There is apparently a purple-coloured squirrel running around Jersey Shore in the U.S. The only problem is... no one knows how this mysterious creature got its peculiar pigment.
Experts seem confident in attributing the strange color to nature's eccentricity.
"It's not typical, but it's not impossible," said Harold Cole, a warden with the Pennsylvania Game Commission who investigated the case.
The animal in question was apparently caught by one Percy Emert, a resident of central Pennsylvania, who said his wife and he lured the squirrel with the help of peanuts.
"At first I thought somebody around here was playing tricks," he said. Apparently, the family posted photographs of the animal in its cage on Facebook. The animal was then reportedly set free on Tuesday.
The pigmentation of the animal was cause for much debate, particularly after photographs appeared on AccuWeather's website. The purpl-coloured squirrel even has its own Facebook page, with 3,800 fans.

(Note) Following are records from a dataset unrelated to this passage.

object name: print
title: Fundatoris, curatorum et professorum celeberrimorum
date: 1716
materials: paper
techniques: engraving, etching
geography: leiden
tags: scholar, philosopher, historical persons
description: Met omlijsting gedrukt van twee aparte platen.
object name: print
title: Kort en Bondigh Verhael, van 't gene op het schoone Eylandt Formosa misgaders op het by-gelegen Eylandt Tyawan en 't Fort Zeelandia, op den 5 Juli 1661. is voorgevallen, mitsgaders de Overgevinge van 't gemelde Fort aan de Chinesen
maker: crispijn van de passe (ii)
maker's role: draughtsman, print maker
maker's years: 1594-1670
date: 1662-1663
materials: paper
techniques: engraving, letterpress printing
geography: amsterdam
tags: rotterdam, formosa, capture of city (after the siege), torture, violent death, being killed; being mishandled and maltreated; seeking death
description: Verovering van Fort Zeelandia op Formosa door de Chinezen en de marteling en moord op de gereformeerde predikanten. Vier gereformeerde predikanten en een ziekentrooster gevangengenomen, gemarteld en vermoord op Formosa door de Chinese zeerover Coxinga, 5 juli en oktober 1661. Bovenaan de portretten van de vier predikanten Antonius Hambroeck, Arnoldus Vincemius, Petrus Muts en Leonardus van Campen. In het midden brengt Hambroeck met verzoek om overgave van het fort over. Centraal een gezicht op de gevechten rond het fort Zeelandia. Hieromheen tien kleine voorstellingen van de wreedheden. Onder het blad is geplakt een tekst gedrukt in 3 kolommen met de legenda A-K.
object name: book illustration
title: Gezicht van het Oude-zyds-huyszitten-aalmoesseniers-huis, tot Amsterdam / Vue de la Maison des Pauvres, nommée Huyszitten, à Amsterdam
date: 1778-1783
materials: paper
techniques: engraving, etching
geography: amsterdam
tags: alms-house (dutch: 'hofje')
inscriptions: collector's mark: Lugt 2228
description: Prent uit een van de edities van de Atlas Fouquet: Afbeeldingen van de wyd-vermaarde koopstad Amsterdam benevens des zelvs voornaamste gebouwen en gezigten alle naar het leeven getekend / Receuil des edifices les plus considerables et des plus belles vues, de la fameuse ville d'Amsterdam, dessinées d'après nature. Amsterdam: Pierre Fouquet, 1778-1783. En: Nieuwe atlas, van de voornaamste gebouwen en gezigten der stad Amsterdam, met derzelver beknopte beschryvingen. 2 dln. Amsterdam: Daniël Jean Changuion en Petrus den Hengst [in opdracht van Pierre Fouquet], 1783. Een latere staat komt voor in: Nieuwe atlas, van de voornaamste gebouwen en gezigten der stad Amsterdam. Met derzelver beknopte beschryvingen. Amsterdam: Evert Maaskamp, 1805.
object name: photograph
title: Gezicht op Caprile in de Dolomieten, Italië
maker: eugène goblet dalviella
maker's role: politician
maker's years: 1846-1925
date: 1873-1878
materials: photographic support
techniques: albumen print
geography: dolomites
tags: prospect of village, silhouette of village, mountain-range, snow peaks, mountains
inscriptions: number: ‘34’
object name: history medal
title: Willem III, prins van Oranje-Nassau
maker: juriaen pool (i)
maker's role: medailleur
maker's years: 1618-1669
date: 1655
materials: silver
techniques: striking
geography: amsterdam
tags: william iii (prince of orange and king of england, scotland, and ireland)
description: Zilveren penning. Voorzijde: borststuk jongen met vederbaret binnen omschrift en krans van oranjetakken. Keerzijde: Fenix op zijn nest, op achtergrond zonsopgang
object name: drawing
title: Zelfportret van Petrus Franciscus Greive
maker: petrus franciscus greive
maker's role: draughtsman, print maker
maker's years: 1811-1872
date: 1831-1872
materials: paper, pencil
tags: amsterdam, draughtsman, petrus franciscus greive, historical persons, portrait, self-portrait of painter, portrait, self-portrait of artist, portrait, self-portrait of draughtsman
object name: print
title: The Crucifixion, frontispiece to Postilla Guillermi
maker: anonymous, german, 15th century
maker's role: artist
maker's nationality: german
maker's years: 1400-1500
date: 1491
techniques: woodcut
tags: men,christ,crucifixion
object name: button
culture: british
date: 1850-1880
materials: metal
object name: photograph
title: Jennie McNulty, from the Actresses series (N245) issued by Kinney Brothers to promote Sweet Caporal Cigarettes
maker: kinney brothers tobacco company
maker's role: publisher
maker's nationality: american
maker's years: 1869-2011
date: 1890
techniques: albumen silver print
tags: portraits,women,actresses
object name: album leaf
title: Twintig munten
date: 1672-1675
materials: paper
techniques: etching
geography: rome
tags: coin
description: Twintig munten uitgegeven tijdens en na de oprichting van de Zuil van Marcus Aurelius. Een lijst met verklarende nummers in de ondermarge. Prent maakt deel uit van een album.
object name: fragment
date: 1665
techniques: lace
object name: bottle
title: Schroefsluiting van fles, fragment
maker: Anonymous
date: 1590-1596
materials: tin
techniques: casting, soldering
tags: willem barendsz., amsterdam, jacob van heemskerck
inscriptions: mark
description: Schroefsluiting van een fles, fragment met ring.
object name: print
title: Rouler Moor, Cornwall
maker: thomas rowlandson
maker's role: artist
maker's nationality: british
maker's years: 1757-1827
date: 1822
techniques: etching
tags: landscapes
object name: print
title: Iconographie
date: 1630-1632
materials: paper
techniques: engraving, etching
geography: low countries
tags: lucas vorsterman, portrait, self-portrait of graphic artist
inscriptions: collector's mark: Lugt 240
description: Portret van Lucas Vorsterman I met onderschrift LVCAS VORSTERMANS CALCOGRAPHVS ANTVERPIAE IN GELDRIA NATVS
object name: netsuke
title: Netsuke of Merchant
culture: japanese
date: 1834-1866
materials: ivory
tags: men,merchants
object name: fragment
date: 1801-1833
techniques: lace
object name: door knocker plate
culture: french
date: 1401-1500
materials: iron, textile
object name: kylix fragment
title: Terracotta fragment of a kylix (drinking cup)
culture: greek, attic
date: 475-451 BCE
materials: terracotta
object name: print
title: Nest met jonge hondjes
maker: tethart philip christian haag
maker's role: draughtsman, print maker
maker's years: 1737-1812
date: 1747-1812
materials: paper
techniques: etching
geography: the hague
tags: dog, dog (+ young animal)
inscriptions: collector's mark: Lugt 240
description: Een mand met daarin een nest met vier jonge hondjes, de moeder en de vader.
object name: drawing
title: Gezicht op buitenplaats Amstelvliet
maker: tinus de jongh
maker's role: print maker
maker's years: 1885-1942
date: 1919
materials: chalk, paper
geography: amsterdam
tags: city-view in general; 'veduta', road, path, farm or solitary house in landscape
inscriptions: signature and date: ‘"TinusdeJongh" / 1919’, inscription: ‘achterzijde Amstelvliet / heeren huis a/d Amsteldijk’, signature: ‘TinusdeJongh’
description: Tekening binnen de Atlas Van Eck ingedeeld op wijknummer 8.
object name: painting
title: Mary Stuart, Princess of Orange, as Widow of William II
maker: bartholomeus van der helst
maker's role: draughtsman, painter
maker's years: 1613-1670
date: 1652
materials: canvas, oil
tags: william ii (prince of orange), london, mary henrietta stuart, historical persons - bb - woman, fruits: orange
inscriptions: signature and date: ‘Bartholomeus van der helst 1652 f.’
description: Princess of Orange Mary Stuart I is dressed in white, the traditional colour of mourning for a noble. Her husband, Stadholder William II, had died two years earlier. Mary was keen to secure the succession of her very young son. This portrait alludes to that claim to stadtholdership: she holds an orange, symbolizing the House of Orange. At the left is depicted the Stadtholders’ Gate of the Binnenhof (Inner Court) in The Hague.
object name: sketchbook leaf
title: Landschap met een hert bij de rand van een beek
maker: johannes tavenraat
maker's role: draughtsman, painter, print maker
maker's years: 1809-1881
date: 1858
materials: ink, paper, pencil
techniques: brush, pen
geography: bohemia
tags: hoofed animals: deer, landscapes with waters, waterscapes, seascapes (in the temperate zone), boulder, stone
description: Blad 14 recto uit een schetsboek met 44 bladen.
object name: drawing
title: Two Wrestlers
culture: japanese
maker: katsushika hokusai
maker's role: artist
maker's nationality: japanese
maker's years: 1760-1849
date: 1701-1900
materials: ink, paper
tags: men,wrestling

Animal welfare organizations might well be proud of the mystery animal's potential influence on the social network.
After the animal was released, trace fur samples and tail trimmings were handed over to Cole, an animal expert, who insisted they could be valuable assets for lab analysis.
"The squirrel looks healthy in the picture there, except that he doesn't want to be in that cage," he said, hinting that it didn't pose any threat and appeared to be alright. Cole came to the conclusion that it was unlikely the Emerts dyed the animal, although it was possible that someone had colored it as a mark of identity to help tracking it.
"The purple coloration, from the purple I saw...it looked to me like this animal had come in contact with something with its fur and dyed its fur," Pittsburgh Zoo curator Henry Kacprzyk told the AP.
In a Daily Mail report, Krish Pillai, a professor at Lock Haven University of Pennsylvania, had a more sinister explanation for the colour of the squirrel's coat.
Pointing out the animal seemed to be coloured "Tyrian purple", an organobromine compound usually found in molluscs, he said the situation was "not good at all" and suggested that the squirrel had "too much bromide in its system".
According to Cole's analysis, the squirrel might have ingested something or eaten local pokeberries that lent a purple tinge to its fur or may have been exposed to some industrial compound or consumed food containing purple pigment. He further cited the example of flamingos, which got their colour (pink or orange) from the food they eat.